前記ＴＴＲが、四量体形態である、請求項１又は２に記載の方法。
ステップａ）及びｂ）の間にさらなるステップを含み、前記試料が、ＴＴＲ四量体を単量体に解離させるために、ｐＨ２．７のような低ｐＨにさらされる、請求項に記載の方法。
ＴＴＲの濃度が、抗ＴＴＲ抗体を使用することによって決定される、請求項３〜５のいずれか一項に記載の方法。
前記抗体が、配列番号１に示されるＴＴＲのアミノ酸２４〜３５、５０〜６１、若しくは１０〜２４、又はその任意の組み合わせに選択的に結合する、請求項６に記載の方法。
前記ＴＴＲアミロイドーシスが、家族性アミロイド多発ニューロパチー、家族性心アミロイドーシス、及び散発性老人性全身性アミロイドーシスからなる群から選択される、請求項１〜７のいずれか一項に記載の方法。
ａ）抗ＴＴＲ抗体及び
ｂ）体液試料中のＴＴＲの発現レベルを検出するための１つ又は複数の試薬を含む、請求項１〜８のいずれか一項に記載の方法において使用するためのキット。
抗ＨＳ抗体をさらに含む、請求項９に記載のキット。
前記１つ又は複数の試薬が、二次抗体及びアルカリホスファターゼ（ＡＰ）、ホースラディッシュペルオキシダーゼ（ＨＲＰ）、又は他の酵素レポーター系に対する比色定量基質、化学発光基質、又は化学蛍光基質からなる群から選択される、請求項９又は１０に記載のキット。

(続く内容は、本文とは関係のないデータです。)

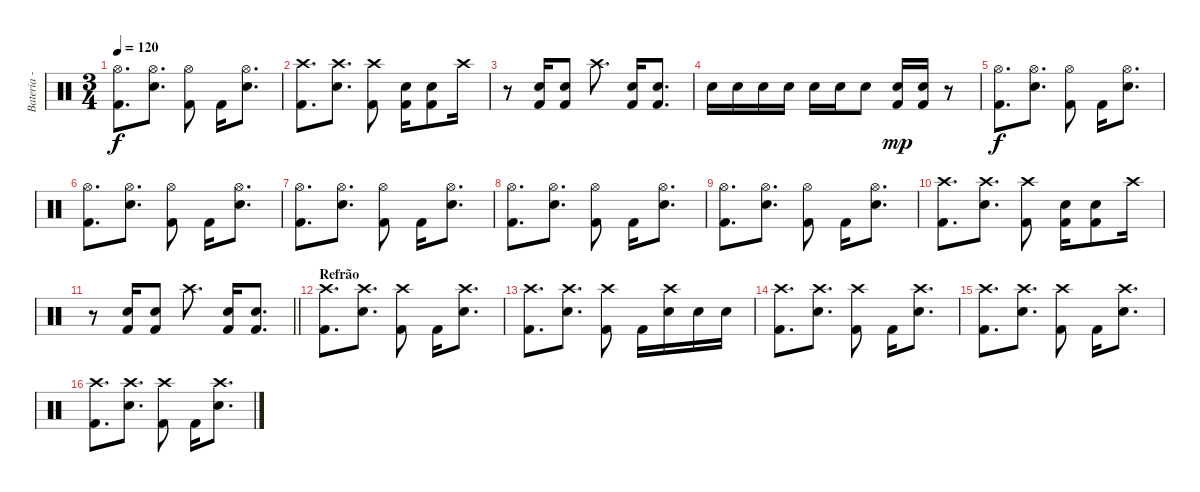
\track ("Bateria - Larzon" "Bateria - ") {instrument percussion}
\staff {score}
\articulation defaults
\ts (3 4)
\tempo 120
\clef neutral
\ks c
("Kick (hit) 2" "Hi-Hat (open)").8{d dy f} ("Snare (hit) 2" "Hi-Hat (open)").8{d} ("Kick (hit) 2" "Hi-Hat (open)").8 "Kick (hit) 2".16 ("Snare (hit) 2" "Hi-Hat (open)").8{d} |
("Kick (hit) 2" "Crash high (hit)").8{d} ("Snare (hit) 2" "Crash high (hit)").8{d} ("Kick (hit) 2" "Crash high (hit)").8 ("Snare (hit) 2" "Kick (hit) 2").16 ("Snare (hit) 2" "Kick (hit) 2").8 "Crash high (hit)".16 |
r.8 ("Snare (hit) 2" "Kick (hit) 2").16 ("Snare (hit) 2" "Kick (hit) 2").8 "Crash high (hit)".8{d} ("Snare (hit) 2" "Kick (hit) 2").16 ("Snare (hit) 2" "Kick (hit) 2").8{d} |
"Snare (hit) 2".16 "Snare (hit) 2".16 "Snare (hit) 2".16 "Snare (hit) 2".16 "Snare (hit) 2".16 "Snare (hit) 2".16 "Snare (hit) 2".8 ("Kick (hit) 2" "Snare (hit) 2").16{dy mp} ("Kick (hit) 2" "Snare (hit) 2").16 r.8 |
("Kick (hit) 2" "Hi-Hat (open)").8{d dy f} ("Snare (hit) 2" "Hi-Hat (open)").8{d} ("Kick (hit) 2" "Hi-Hat (open)").8 "Kick (hit) 2".16 ("Snare (hit) 2" "Hi-Hat (open)").8{d} |
("Kick (hit) 2" "Hi-Hat (open)").8{d} ("Snare (hit) 2" "Hi-Hat (open)").8{d} ("Kick (hit) 2" "Hi-Hat (open)").8 "Kick (hit) 2".16 ("Snare (hit) 2" "Hi-Hat (open)").8{d} |
("Kick (hit) 2" "Hi-Hat (open)").8{d} ("Snare (hit) 2" "Hi-Hat (open)").8{d} ("Kick (hit) 2" "Hi-Hat (open)").8 "Kick (hit) 2".16 ("Snare (hit) 2" "Hi-Hat (open)").8{d} |
("Kick (hit) 2" "Hi-Hat (open)").8{d} ("Snare (hit) 2" "Hi-Hat (open)").8{d} ("Kick (hit) 2" "Hi-Hat (open)").8 "Kick (hit) 2".16 ("Snare (hit) 2" "Hi-Hat (open)").8{d} |
("Kick (hit) 2" "Hi-Hat (open)").8{d} ("Snare (hit) 2" "Hi-Hat (open)").8{d} ("Kick (hit) 2" "Hi-Hat (open)").8 "Kick (hit) 2".16 ("Snare (hit) 2" "Hi-Hat (open)").8{d} |
("Kick (hit) 2" "Crash high (hit)").8{d} ("Snare (hit) 2" "Crash high (hit)").8{d} ("Kick (hit) 2" "Crash high (hit)").8 ("Snare (hit) 2" "Kick (hit) 2").16 ("Snare (hit) 2" "Kick (hit) 2").8 "Crash high (hit)".16 |
\barLineRight lightlight
r.8 ("Snare (hit) 2" "Kick (hit) 2").16 ("Snare (hit) 2" "Kick (hit) 2").8 "Crash high (hit)".8{d} ("Snare (hit) 2" "Kick (hit) 2").16 ("Snare (hit) 2" "Kick (hit) 2").8{d} |
\section ("" "Refrão")
("Kick (hit) 2" "Crash high (hit)").8{d} ("Snare (hit) 2" "Crash high (hit)").8{d} ("Kick (hit) 2" "Crash high (hit)").8 "Kick (hit) 2".16 ("Snare (hit) 2" "Crash high (hit)").8{d} |
("Kick (hit) 2" "Crash high (hit)").8{d} ("Snare (hit) 2" "Crash high (hit)").8{d} ("Kick (hit) 2" "Crash high (hit)").8 "Kick (hit) 2".16 ("Snare (hit) 2" "Crash high (hit)").16 "Snare (hit) 2".16 "Snare (hit) 2".16 |
("Kick (hit) 2" "Crash high (hit)").8{d} ("Snare (hit) 2" "Crash high (hit)").8{d} ("Kick (hit) 2" "Crash high (hit)").8 "Kick (hit) 2".16 ("Snare (hit) 2" "Crash high (hit)").8{d} |
("Kick (hit) 2" "Crash high (hit)").8{d} ("Snare (hit) 2" "Crash high (hit)").8{d} ("Kick (hit) 2" "Crash high (hit)").8 "Kick (hit) 2".16 ("Snare (hit) 2" "Crash high (hit)").8{d} |
("Kick (hit) 2" "Crash high (hit)").8{d} ("Snare (hit) 2" "Crash high (hit)").8{d} ("Kick (hit) 2" "Crash high (hit)").8 "Kick (hit) 2".16 ("Snare (hit) 2" "Crash high (hit)").8{d}

ＴＴＲとヘパラン硫酸（ＨＳ）との相互作用を妨害することができる有効量の薬剤を投与することによって、その必要のある患者においてトランスサイレチン（ＴＴＲ）アミロイドーシスを予防、軽減、及び／又は治療するための方法。
前記薬剤が、ヘパラン硫酸オリゴ糖、ヘパラン硫酸多糖、非抗凝血性ヘパリンオリゴ糖、非抗凝血性ヘパリン多糖、及びそのミメティックからなる群から選択される、請求項１２に記載の方法。

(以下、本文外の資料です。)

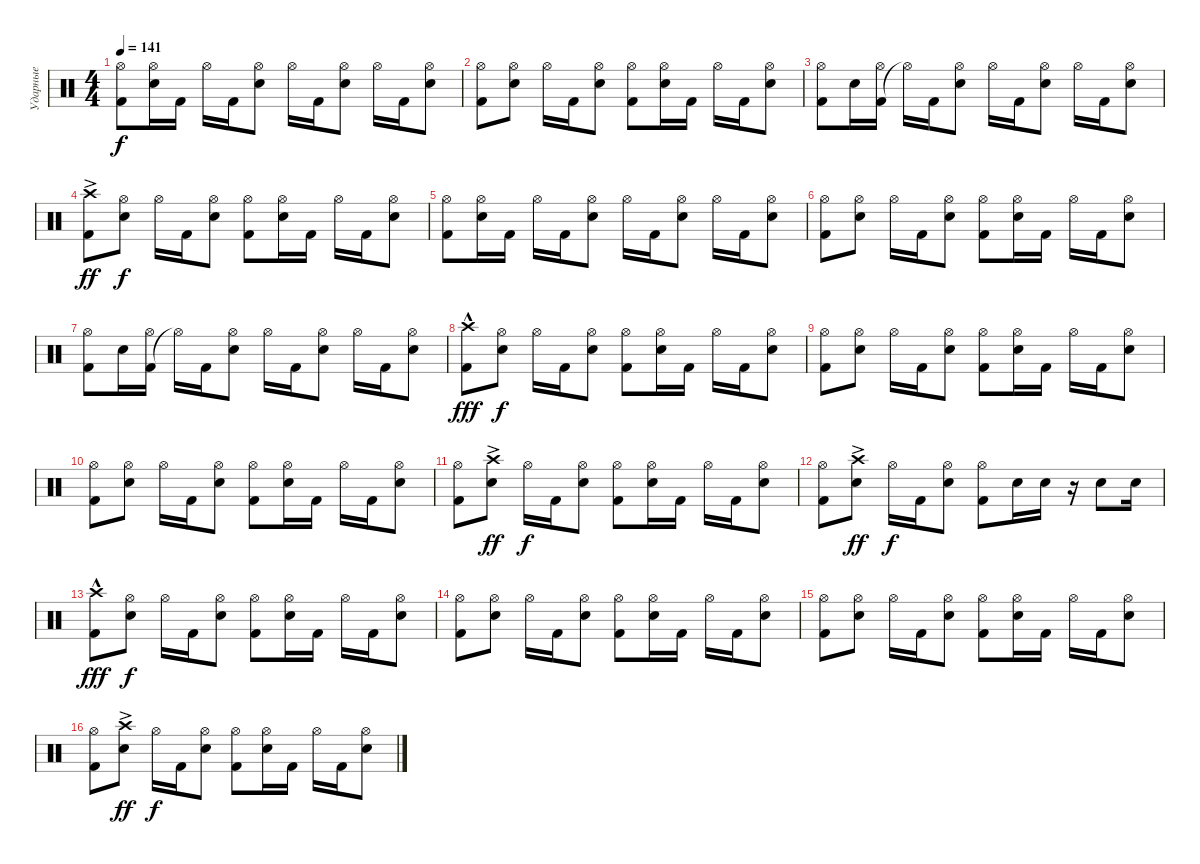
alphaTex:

前記薬剤が、配列番号１に示されるアミノ酸配列を含むＴＴＲペプチド又はその断片である、請求項１２に記載の方法。
前記薬剤が、抗ＴＴＲ抗体である、請求項１２に記載の方法。
前記ＴＴＲアミロイドーシスが、家族性アミロイド多発ニューロパチー、家族性心アミロイドーシス、及び散発性老人性全身性アミロイドーシスからなる群から選択される、請求項１２〜１５のいずれか一項に記載の方法。

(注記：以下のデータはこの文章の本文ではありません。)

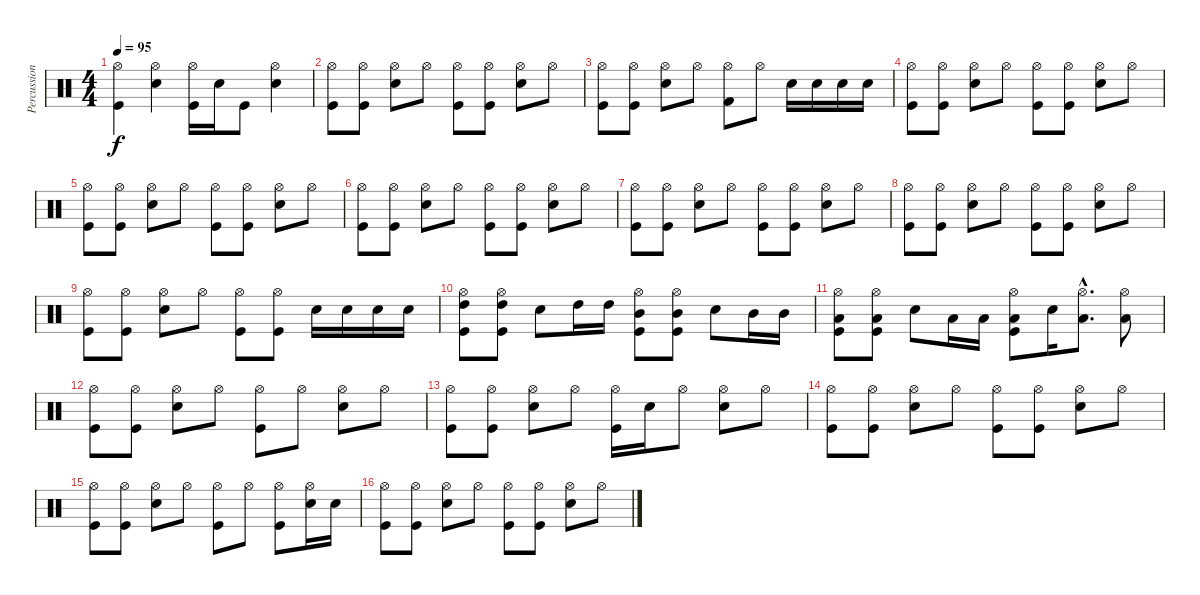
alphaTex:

ＴＴＲアミロイドーシスの予防、軽減、及び／又は治療において使用するための、ＨＳとＴＴＲとの間の相互作用を妨害することができる薬剤。
前記薬剤が、ヘパラン硫酸オリゴ糖、ヘパラン硫酸多糖、非抗凝血性ヘパリンオリゴ糖、非抗凝血性ヘパリン多糖、及びそのミメティックからなる群から選択される、請求項１７に記載の薬剤。
前記薬剤が、配列番号１に示されるアミノ酸配列を含むＴＴＲペプチド又はその断片である、請求項１７に記載の薬剤。
前記薬剤が、抗ＴＴＲ抗体である、請求項１７に記載の薬剤。
前記ＴＴＲアミロイドーシスが、家族性アミロイド多発ニューロパチー、家族性心アミロイドーシス、及び散発性老人性全身性アミロイドーシスからなる群から選択される、請求項１７〜２０のいずれか一項に記載の薬剤。
ＨＳとＴＴＲとの間の相互作用を妨害することができる薬剤並びに薬学的に許容できる担体を含む医薬組成物。